====== Dataset records ======

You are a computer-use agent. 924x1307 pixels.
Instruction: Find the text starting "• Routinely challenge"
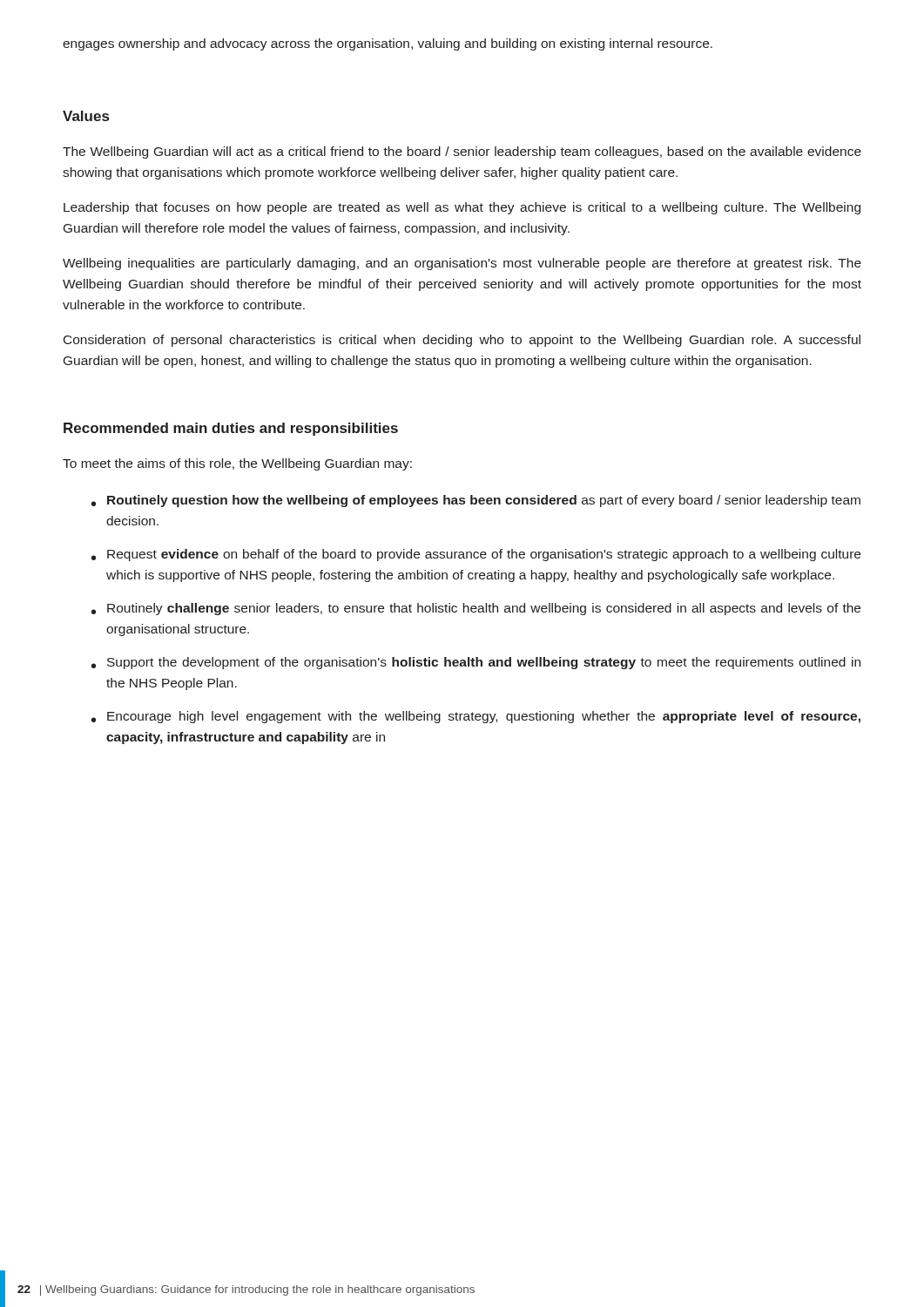pos(476,619)
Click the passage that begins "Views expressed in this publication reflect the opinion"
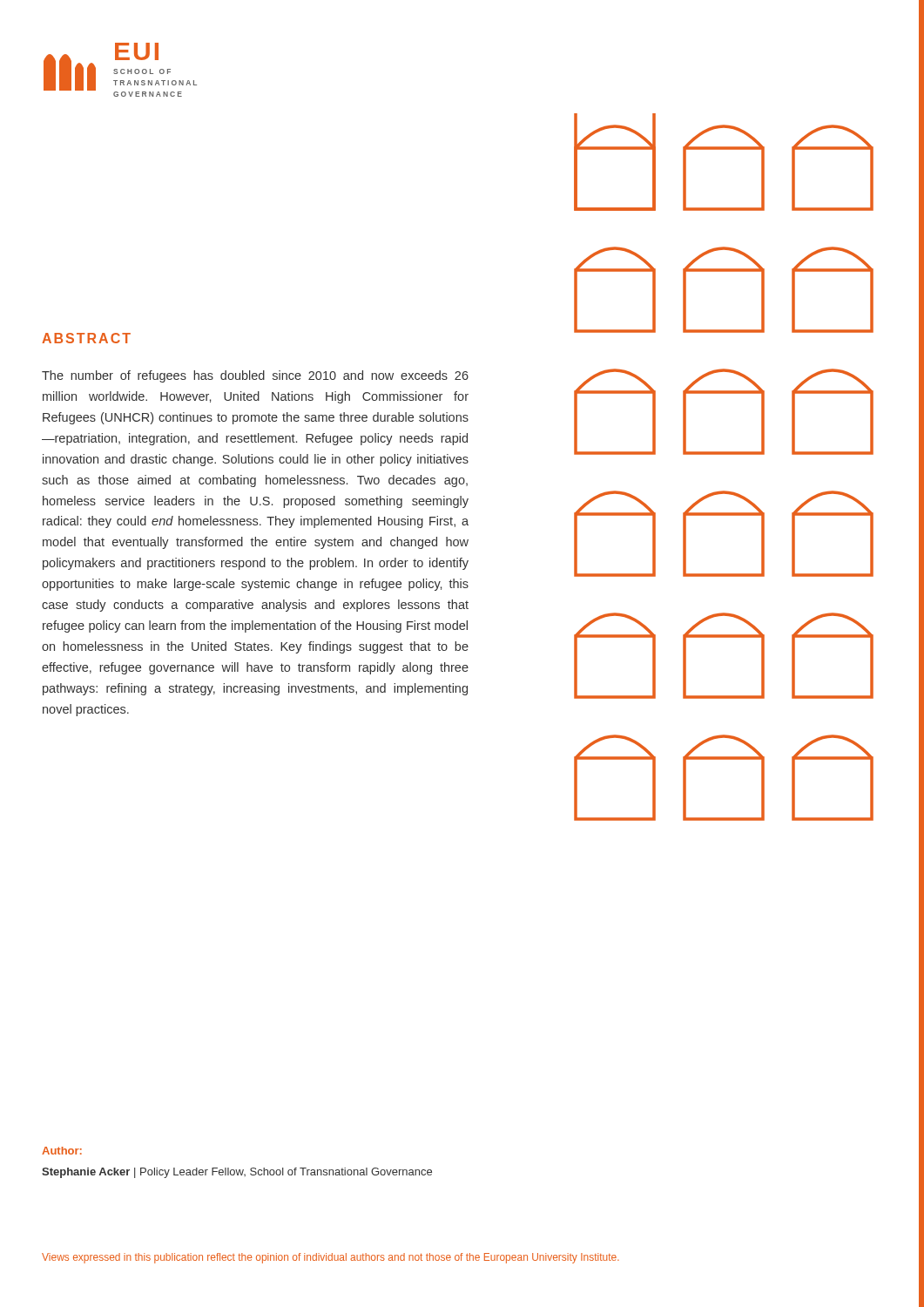 [x=331, y=1257]
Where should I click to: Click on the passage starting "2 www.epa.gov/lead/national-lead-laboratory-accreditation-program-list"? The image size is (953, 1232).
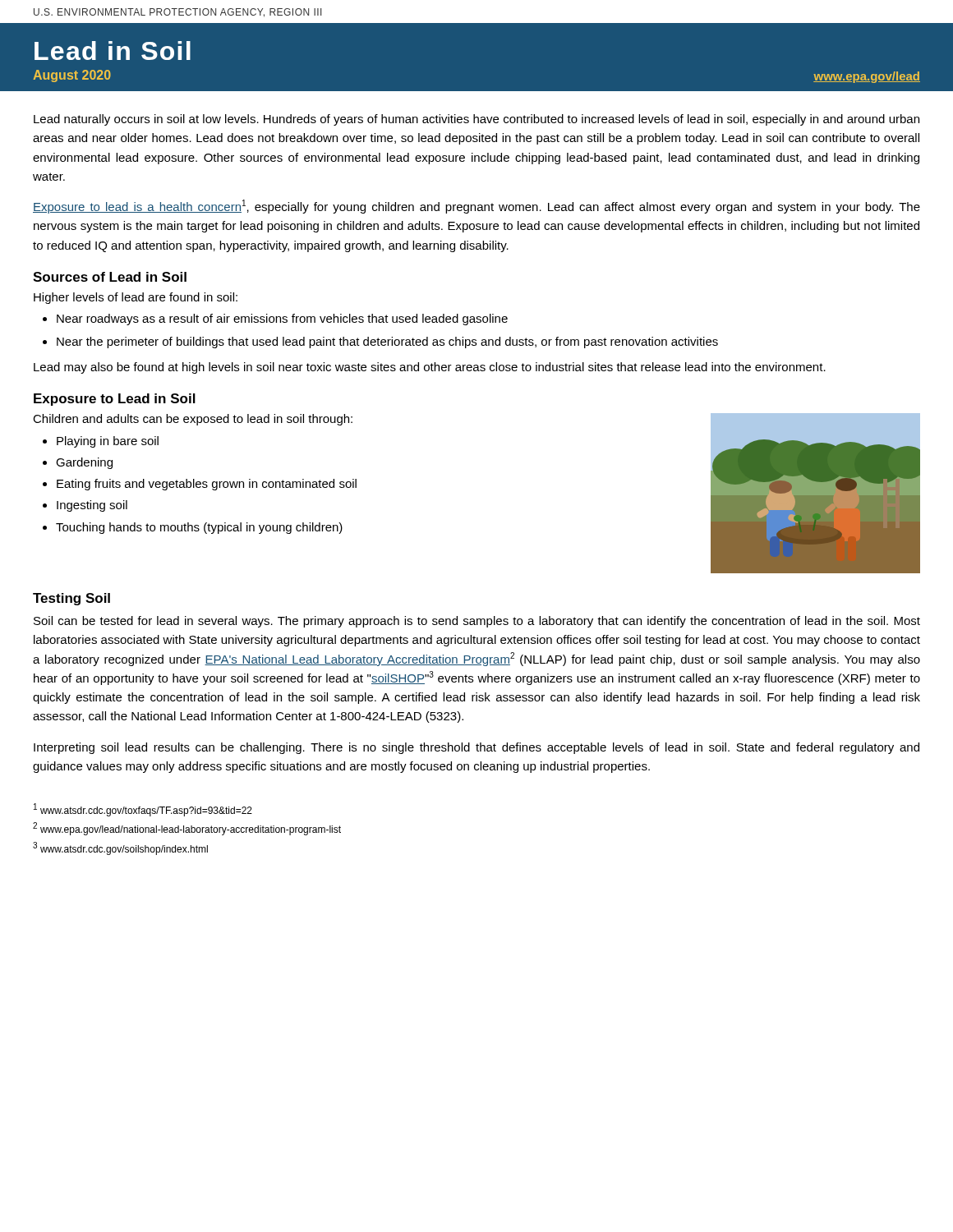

======

> **Task details**:
Write down all the entries exactly, but not the pictures they hold.

> **Result**:
You are a computer-use agent. 924x1307 pixels.
Instruction: Find the text starting "• Routinely challenge"
pos(476,619)
Click the passage that begins "Views expressed in this publication reflect the opinion"
 [x=331, y=1257]
Where should I click to: Click on the passage starting "2 www.epa.gov/lead/national-lead-laboratory-accreditation-program-list"? The image size is (953, 1232).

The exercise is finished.